**AVAILABLE RECORDS**

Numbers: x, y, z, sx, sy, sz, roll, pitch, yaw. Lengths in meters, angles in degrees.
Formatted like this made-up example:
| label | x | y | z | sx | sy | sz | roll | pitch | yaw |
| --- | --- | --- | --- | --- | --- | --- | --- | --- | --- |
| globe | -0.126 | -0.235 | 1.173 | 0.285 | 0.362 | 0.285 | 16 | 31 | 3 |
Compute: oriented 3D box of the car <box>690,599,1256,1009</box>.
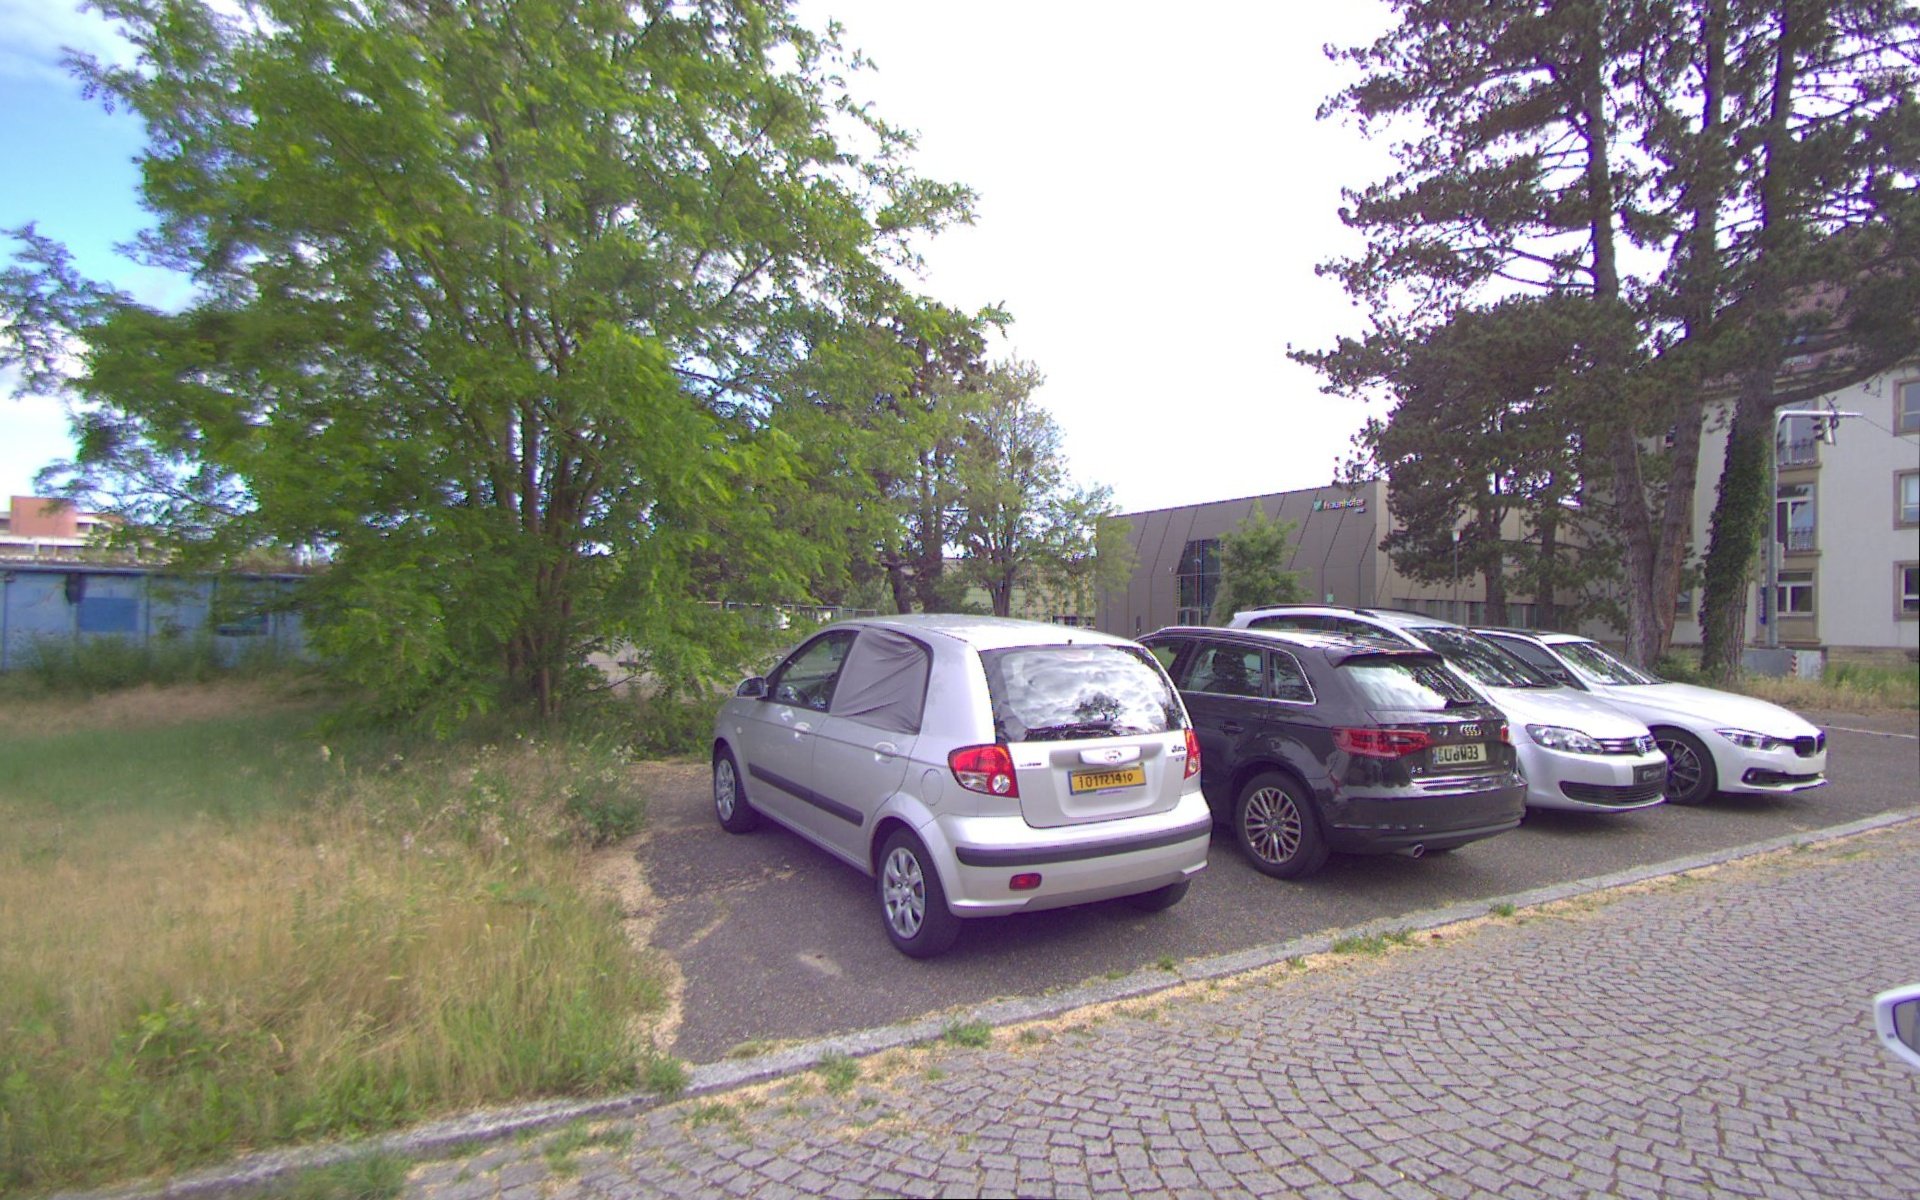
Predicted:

---

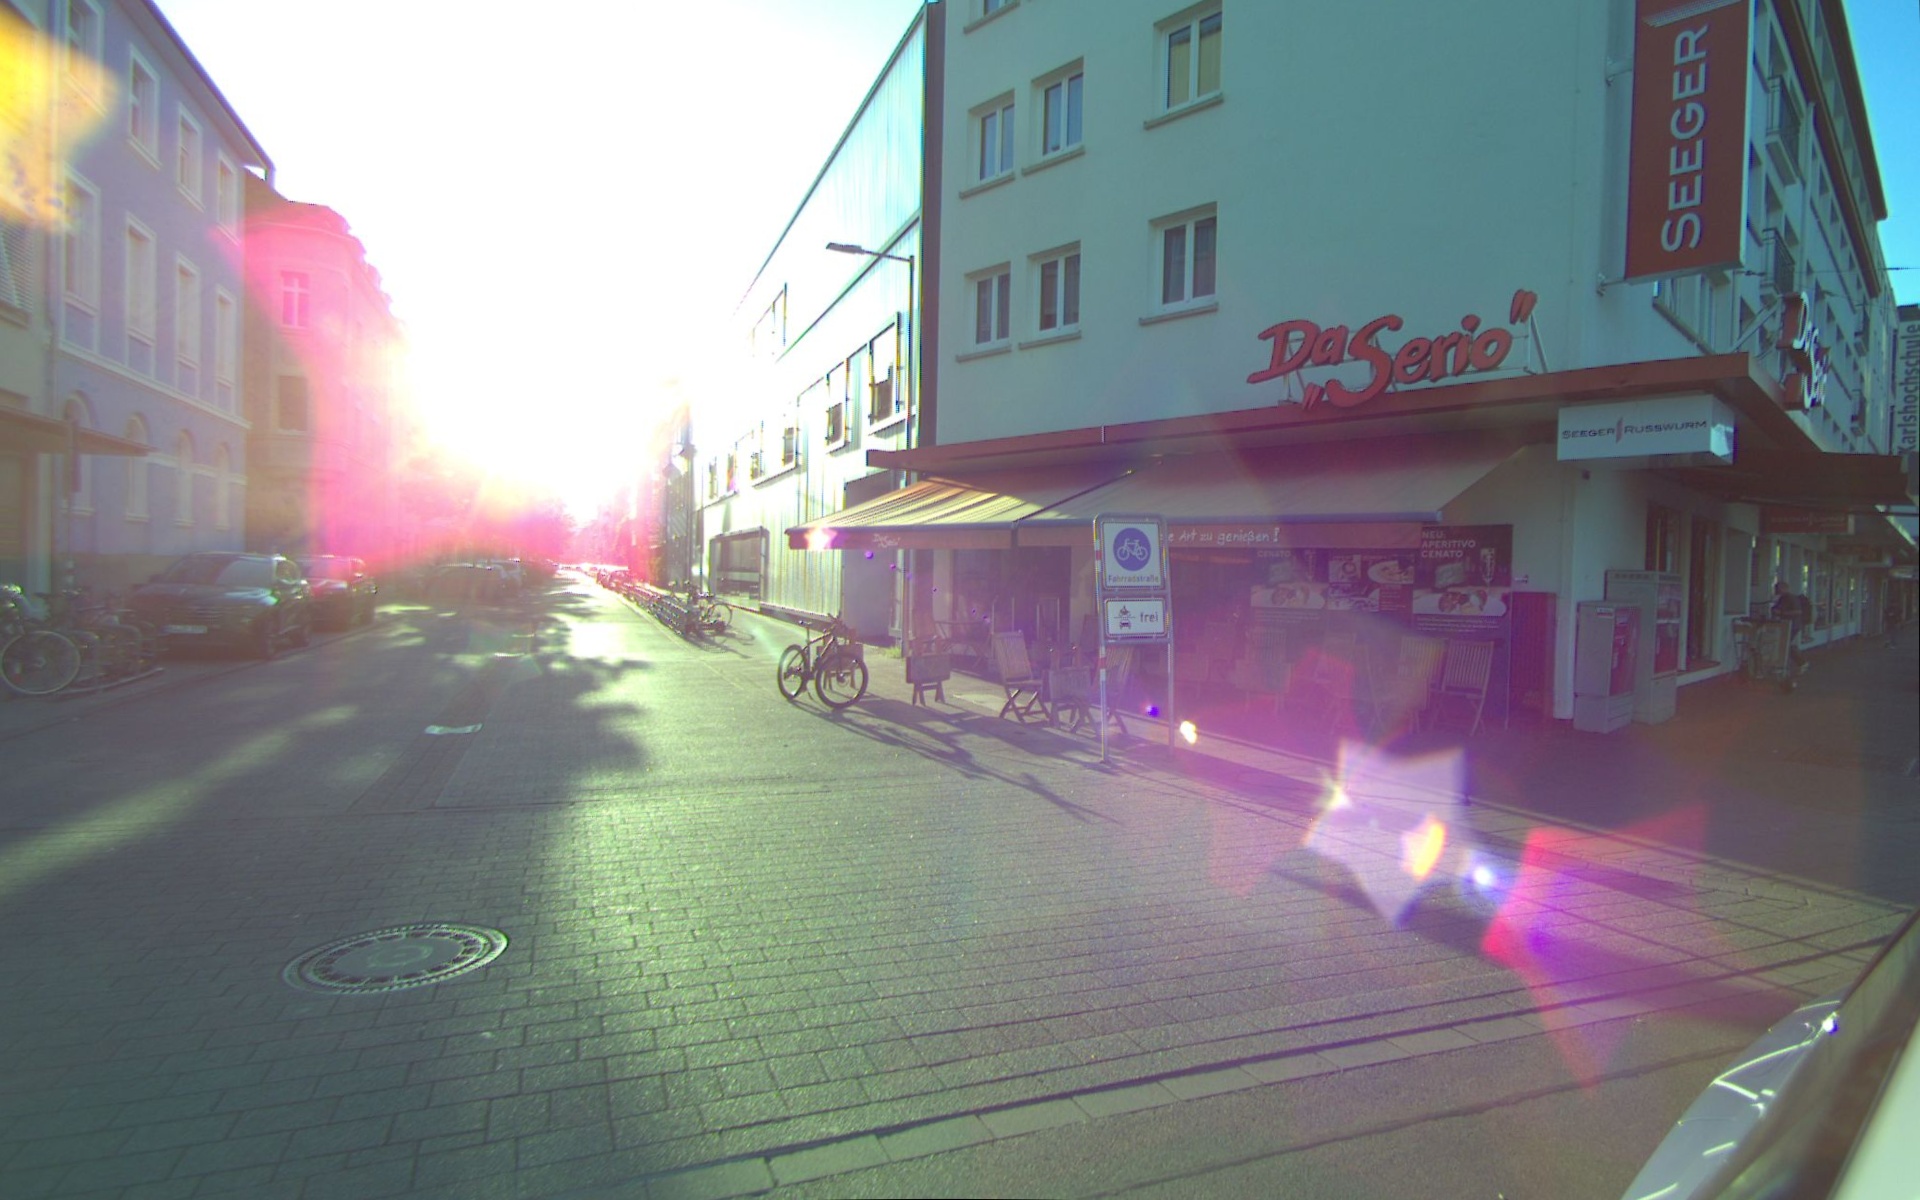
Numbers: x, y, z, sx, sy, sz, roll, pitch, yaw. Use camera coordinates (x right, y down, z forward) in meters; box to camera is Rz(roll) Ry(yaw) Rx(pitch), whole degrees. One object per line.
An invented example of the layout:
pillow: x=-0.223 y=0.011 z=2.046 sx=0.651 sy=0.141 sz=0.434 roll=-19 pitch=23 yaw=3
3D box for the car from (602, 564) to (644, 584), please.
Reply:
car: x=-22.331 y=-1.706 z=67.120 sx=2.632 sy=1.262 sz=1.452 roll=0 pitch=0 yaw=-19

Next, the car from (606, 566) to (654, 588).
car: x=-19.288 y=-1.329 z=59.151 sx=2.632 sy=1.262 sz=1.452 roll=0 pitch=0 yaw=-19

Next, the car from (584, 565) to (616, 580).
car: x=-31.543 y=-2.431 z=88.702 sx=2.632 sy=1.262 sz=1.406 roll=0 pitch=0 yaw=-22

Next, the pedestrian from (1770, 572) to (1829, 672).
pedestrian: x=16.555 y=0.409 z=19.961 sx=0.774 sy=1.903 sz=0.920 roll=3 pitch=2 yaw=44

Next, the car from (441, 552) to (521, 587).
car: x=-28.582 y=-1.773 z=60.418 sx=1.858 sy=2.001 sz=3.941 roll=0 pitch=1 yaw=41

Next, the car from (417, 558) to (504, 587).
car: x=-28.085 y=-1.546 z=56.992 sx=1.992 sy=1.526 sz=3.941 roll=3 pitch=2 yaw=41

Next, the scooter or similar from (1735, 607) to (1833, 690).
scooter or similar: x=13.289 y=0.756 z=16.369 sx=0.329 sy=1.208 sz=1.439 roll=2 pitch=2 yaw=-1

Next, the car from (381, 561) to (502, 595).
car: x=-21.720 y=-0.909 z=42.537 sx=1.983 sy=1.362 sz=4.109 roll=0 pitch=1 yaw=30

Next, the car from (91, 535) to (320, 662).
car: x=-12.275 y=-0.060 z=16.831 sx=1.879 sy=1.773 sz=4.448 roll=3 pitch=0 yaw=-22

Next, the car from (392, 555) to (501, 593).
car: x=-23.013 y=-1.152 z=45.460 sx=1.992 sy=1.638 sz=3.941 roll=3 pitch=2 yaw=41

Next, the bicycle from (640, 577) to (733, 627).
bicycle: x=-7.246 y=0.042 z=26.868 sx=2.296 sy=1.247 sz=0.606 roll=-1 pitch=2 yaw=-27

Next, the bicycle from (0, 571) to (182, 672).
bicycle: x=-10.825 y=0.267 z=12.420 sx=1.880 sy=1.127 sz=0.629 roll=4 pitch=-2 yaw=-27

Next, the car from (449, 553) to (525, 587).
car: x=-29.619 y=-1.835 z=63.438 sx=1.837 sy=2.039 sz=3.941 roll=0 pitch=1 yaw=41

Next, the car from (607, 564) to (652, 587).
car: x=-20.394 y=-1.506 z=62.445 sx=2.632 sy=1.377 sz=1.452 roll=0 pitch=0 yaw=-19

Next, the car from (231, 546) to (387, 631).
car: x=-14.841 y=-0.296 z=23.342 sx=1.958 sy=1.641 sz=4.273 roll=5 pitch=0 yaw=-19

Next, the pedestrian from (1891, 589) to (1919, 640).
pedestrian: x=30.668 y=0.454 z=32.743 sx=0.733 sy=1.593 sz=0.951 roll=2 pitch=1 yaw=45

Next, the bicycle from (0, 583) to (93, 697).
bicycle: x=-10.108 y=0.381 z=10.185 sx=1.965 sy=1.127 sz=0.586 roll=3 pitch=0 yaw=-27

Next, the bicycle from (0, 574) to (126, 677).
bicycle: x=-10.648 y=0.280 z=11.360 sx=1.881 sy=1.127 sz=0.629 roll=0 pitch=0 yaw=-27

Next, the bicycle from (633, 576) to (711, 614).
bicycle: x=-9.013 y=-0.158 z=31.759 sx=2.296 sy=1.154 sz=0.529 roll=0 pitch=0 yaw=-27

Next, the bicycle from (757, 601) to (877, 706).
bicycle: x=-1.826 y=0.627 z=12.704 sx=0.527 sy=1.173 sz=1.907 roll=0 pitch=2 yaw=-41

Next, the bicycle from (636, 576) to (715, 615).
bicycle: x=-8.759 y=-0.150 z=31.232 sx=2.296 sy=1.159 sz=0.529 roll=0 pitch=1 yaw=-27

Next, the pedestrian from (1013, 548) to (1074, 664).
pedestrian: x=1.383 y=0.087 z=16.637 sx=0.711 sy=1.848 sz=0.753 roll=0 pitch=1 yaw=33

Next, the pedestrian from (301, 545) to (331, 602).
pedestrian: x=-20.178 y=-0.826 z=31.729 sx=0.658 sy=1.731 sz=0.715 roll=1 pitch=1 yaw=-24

---

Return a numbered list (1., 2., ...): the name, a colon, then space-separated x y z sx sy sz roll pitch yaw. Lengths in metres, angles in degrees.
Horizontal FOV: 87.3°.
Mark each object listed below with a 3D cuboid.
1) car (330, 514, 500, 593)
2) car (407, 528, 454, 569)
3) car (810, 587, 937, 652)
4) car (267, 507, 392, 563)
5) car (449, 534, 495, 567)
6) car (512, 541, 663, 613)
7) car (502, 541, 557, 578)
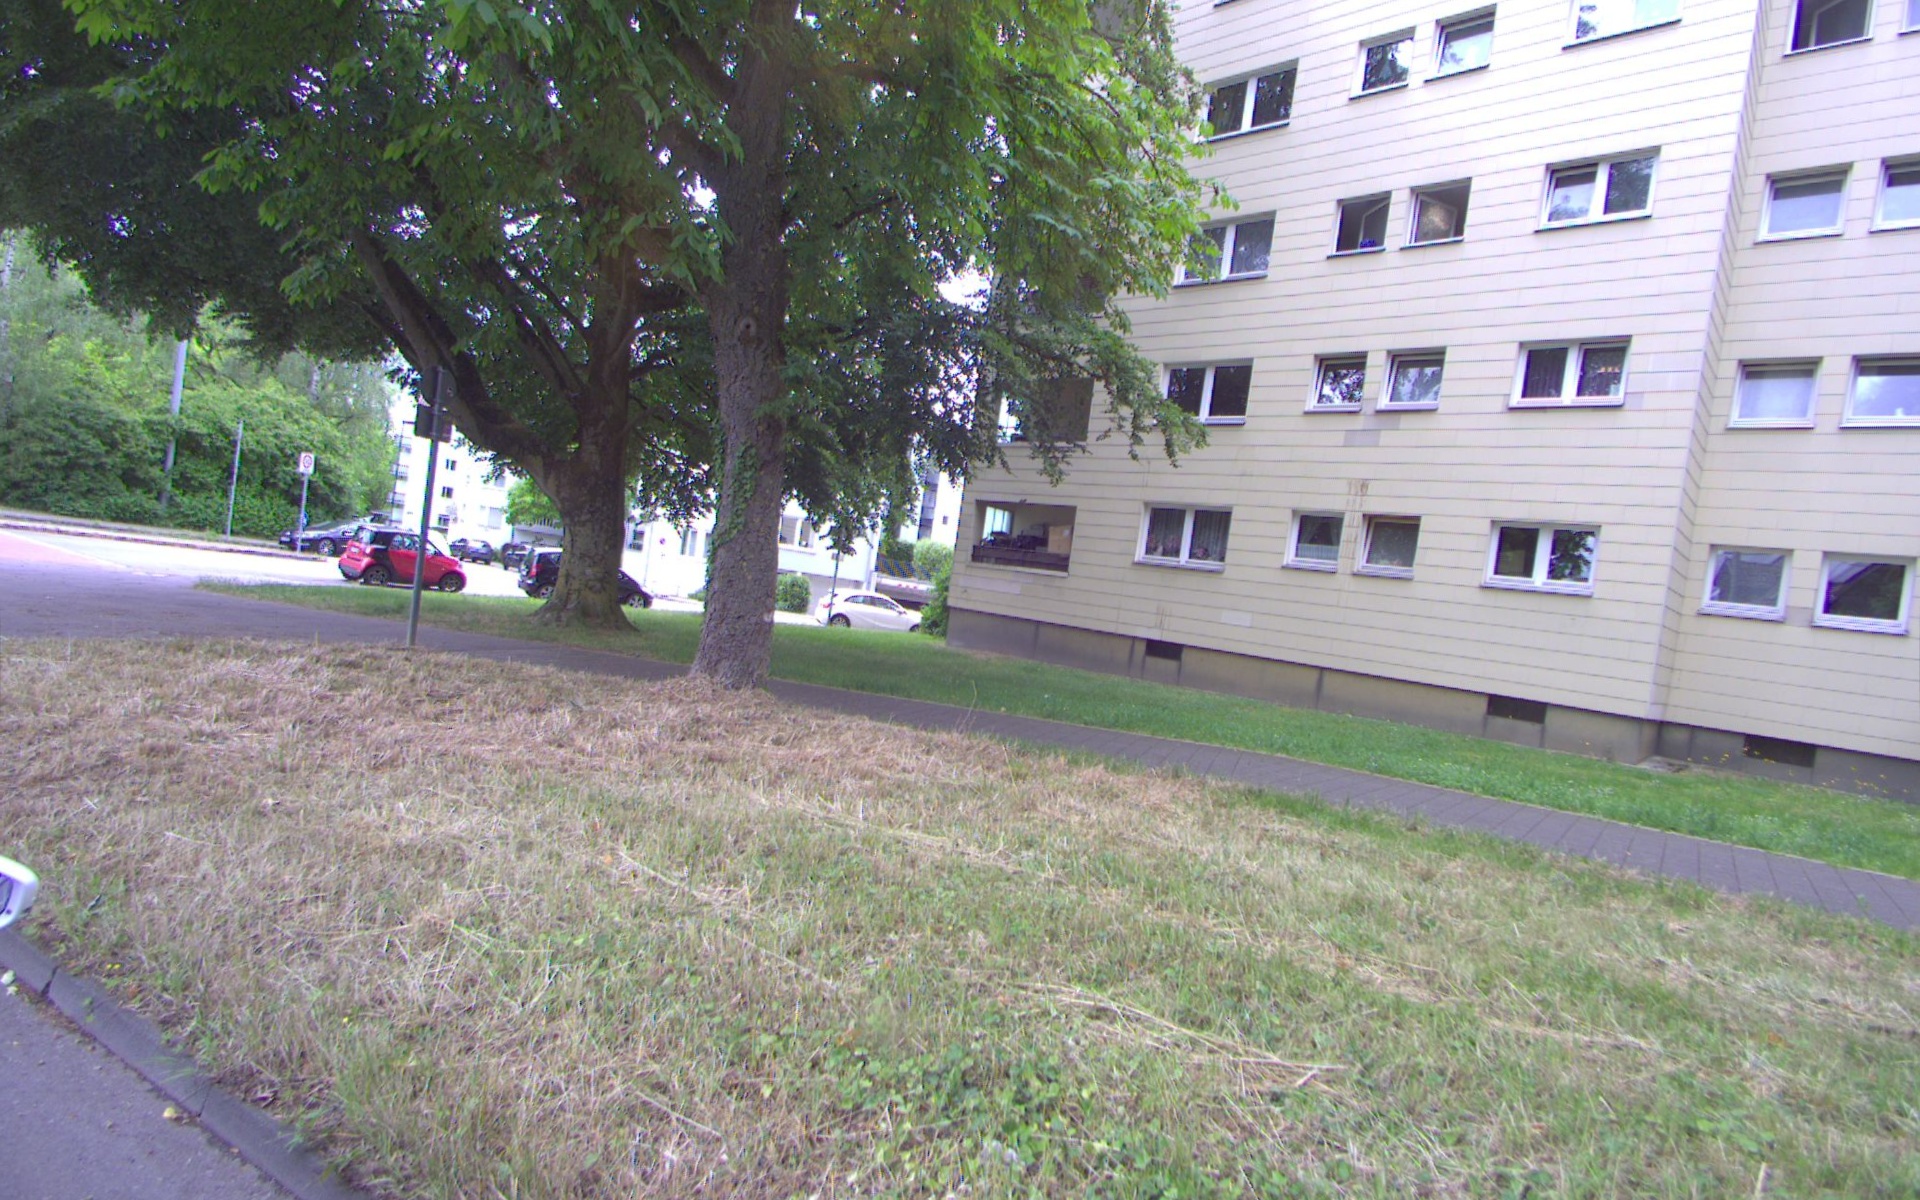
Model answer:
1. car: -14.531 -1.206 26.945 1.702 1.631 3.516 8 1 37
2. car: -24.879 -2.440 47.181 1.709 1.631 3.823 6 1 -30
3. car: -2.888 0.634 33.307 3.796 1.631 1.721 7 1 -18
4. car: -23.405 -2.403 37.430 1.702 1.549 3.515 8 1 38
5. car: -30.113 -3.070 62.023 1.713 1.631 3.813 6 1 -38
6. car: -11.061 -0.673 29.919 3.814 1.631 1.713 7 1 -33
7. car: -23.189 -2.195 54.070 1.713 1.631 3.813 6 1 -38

**EXERCISE REQUIREMENTS**
Which lines above contain the word "example"? Show each of them.

**OUTPUT BELOW**
Formatted like this made-up example:
An invented example of the layout:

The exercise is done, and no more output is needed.